A Bad Hangover, by David Bax
21 and Over is the directorial debut of John Lucas and Scott Moore, the guys who wrote 2009’s The Hangover. Since this new film also chronicles an odyssey of hetero male debauchery, comparisons are easy and helpful. All the basic elements of the earlier, successful film are present. A group of guys embark on a fun night out, too much alcohol gets imbibed and an escalating series of crazy stuff happens. Yet while The Hangover was a surprise success that remains watchable, 21 and Over, much like one of its characters, Jeff Chang (always referred to by both names in one of the film’s funnier touches), falls flat on its face. The differences between the two may be intangible but they are vital.

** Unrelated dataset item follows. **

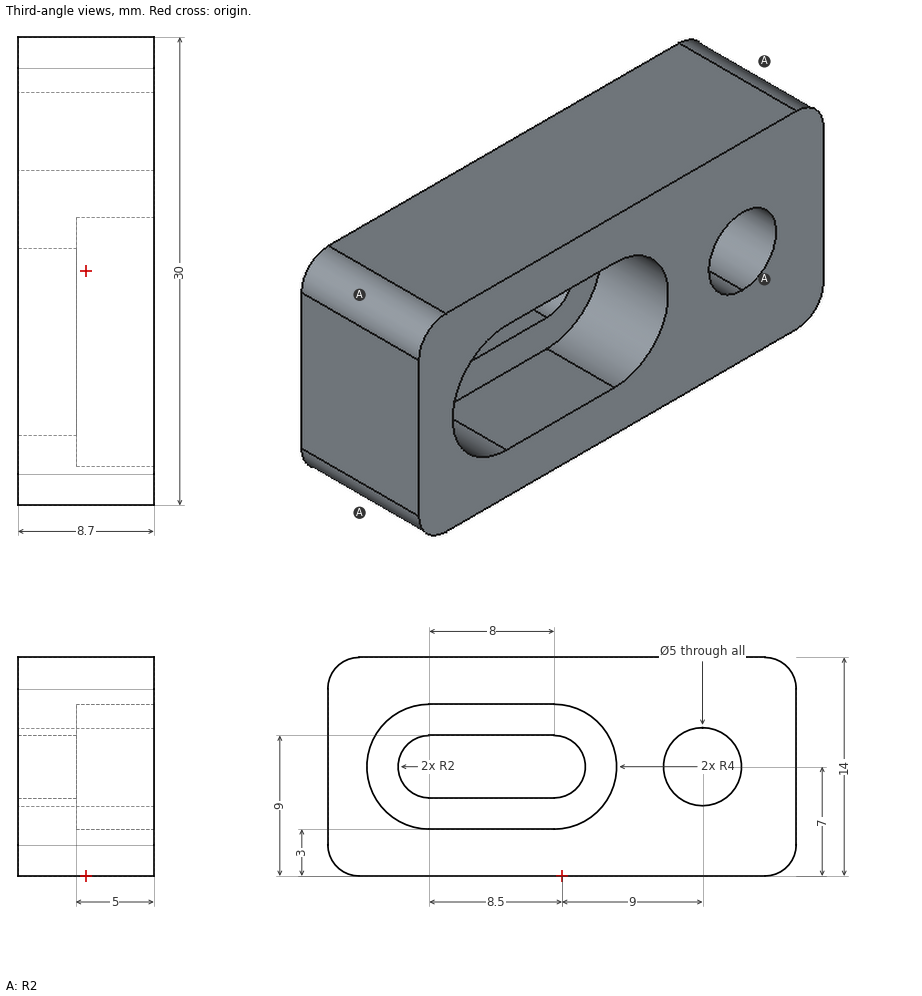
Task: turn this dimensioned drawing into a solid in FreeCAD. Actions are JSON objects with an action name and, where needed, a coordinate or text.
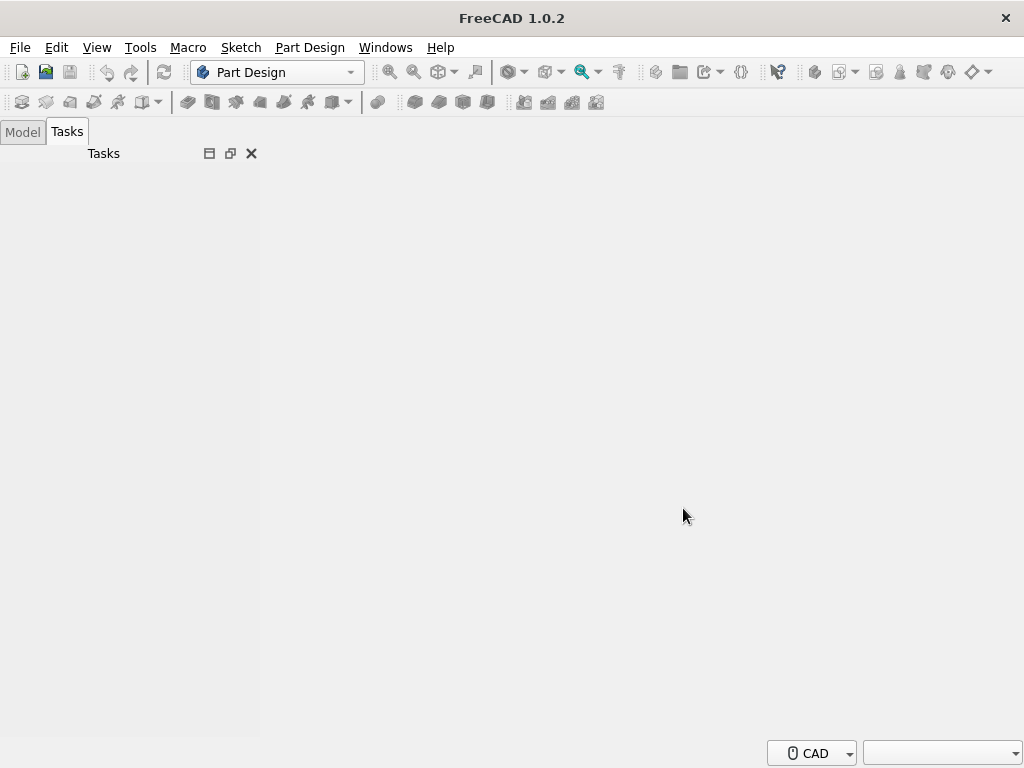
{"action": "left_click", "coordinate": [22, 72]}

It’s Jeff Chang’s (Justin Chon) 21st birthday and his two best friends from high school have traveled from their respective colleges to his school unannounced, with the plan to surprise him with a celebratory night out. Casey (Skylar Astin) is the square and reasonable Ed Helms character, quickly establishing himself as the film’s lead. Miller (Miles Teller) is the smarmy, hedonistic Bradley Cooper character, who compensates for his slacker loserdom with exuberant overconfidence and wit. Jeff Chang is, by turns, both the Justin Bartha character and the Zach Galifianakis character. The hitch in the young men’s plan is that Jeff Chang is being picked up for a medical school interview at 7:00 the next morning by his unforgiving taskmaster of a father (Lost’s Francois Chau). Unfortunately, the birthday boy quickly drinks himself into an unresponsive stupor and neither of the other two can remember where he lives.

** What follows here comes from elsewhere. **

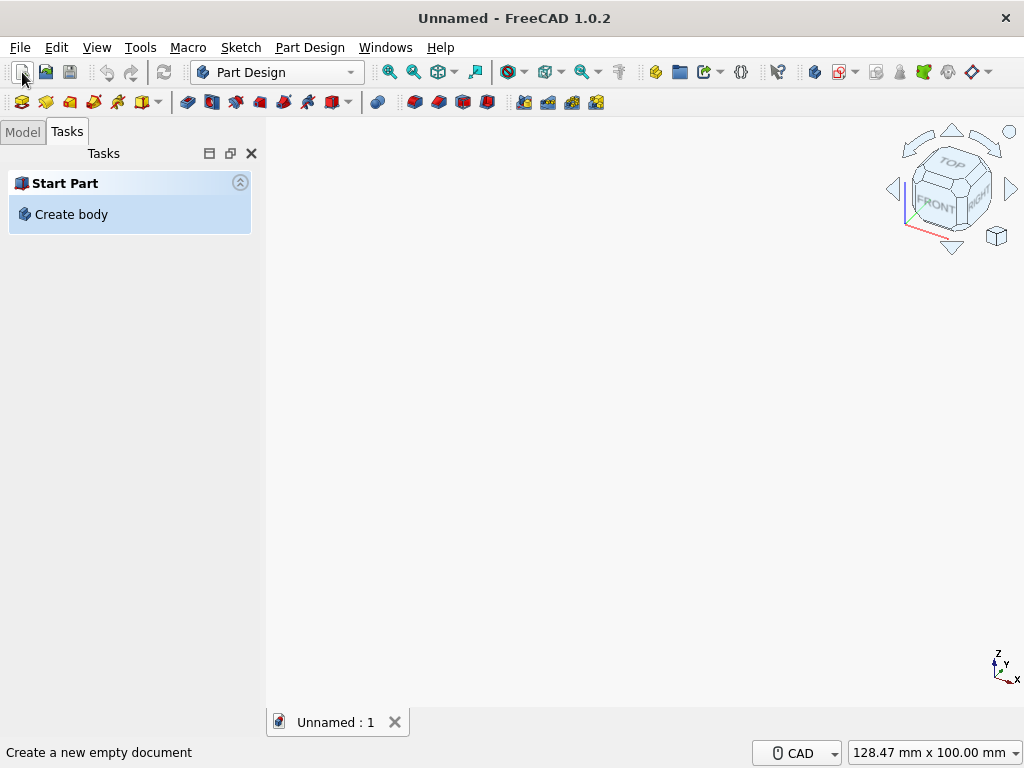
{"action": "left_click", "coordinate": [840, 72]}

One of the main reasons 21 and Over fails where The Hangover exceled can be found in the two sets of actors named above. While Helms, Cooper and Galifianakis brought both humanity and individually unique, consistently comic idiosyncrasies to their parts, their counterparts here are worn out copies. Astin is essentially the same blandly good-guyish sort he played in last year’s dreadful and inexplicably overrated Pitch Perfect (I’d rewatch 21 and Over twice before sitting through that sweaty, desperate embarrassment again). In his hands, Casey possesses no more identity than can be gleaned from his outfit (he’s the one with a sweater and tie on). Teller, meanwhile, comes across as a high school kid doing an impression of Vince Vaughn. Chon, on the other hand, has an infectious energy and quick timing but he regrettably spends most of the film mumbling and drooling.

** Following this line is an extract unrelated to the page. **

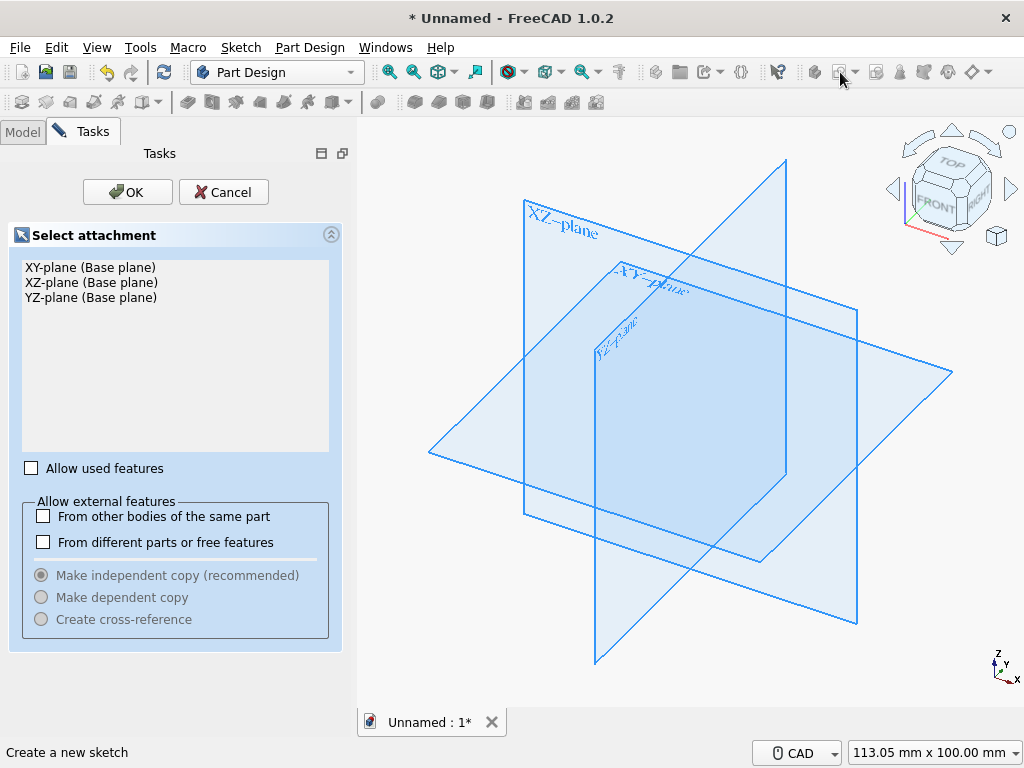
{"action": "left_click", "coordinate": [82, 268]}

Perhaps the most important – and fundamentally different – element is the direction. As stated, this is Lucas and Moore’s first time behind the camera and it’s less than inspired. Hangover director Todd Phillips, though he may be juvenile and lacking in introspection, had gained some experience by the time he made that film. This was a man whose first feature was a documentary about GG Allin. He knows about depravity, violence and sleaze. As a result, The Hangover was covered with a surprisingly un-Hollywood layer of grime. However outlandish the action became, Phillips maintained a believability and, as a result, a real sense of danger.
21 and Over, on the other hand, always reminds you it’s a movie. It does so with the generic college-town setting. It does so with the stock characters, all with resolutions that are clear from the first frame in which they appear. Mostly it does so with a sense of humor that is dated and so cynically pandering, it will be a wonder if even the teenagers at whom it is aimed will respond. A painfully contrived scene in which sorority girls are spanked and forced to make out with each other will likely cause even the lustiest eyes to roll. This lack of originality in the scenarios is echoed in the sentiments. The first two acts are replete with trite, “carpe diem”-type notions of how you’re only young once and how college somehow necessarily represents the best years of your life.
In that third act, however, there are a number of almost saving graces. There’s a refreshing – not to mention true – implication that these boys’ lives are really just beginning. The tension between Casey and Miller’s differences and their engrained attachments comes to a head in a way that is honest and respectful of the characters, not just boilerplate or crossing things off a story arc to-do list. Perhaps most importantly, the exploitation of the nameless young actresses is revisited (and then some) on the bare flesh of the males.
All the decent stuff in the final act of 21 and Over make the case that this movie has enough story for an okay episode of a 22 minute sitcom episode with an additional hour and ten minutes of mostly unfunny filler. Lucas and Moore bring nothing extra in terms of life or joy or stakes. There’s more to a movie than a script.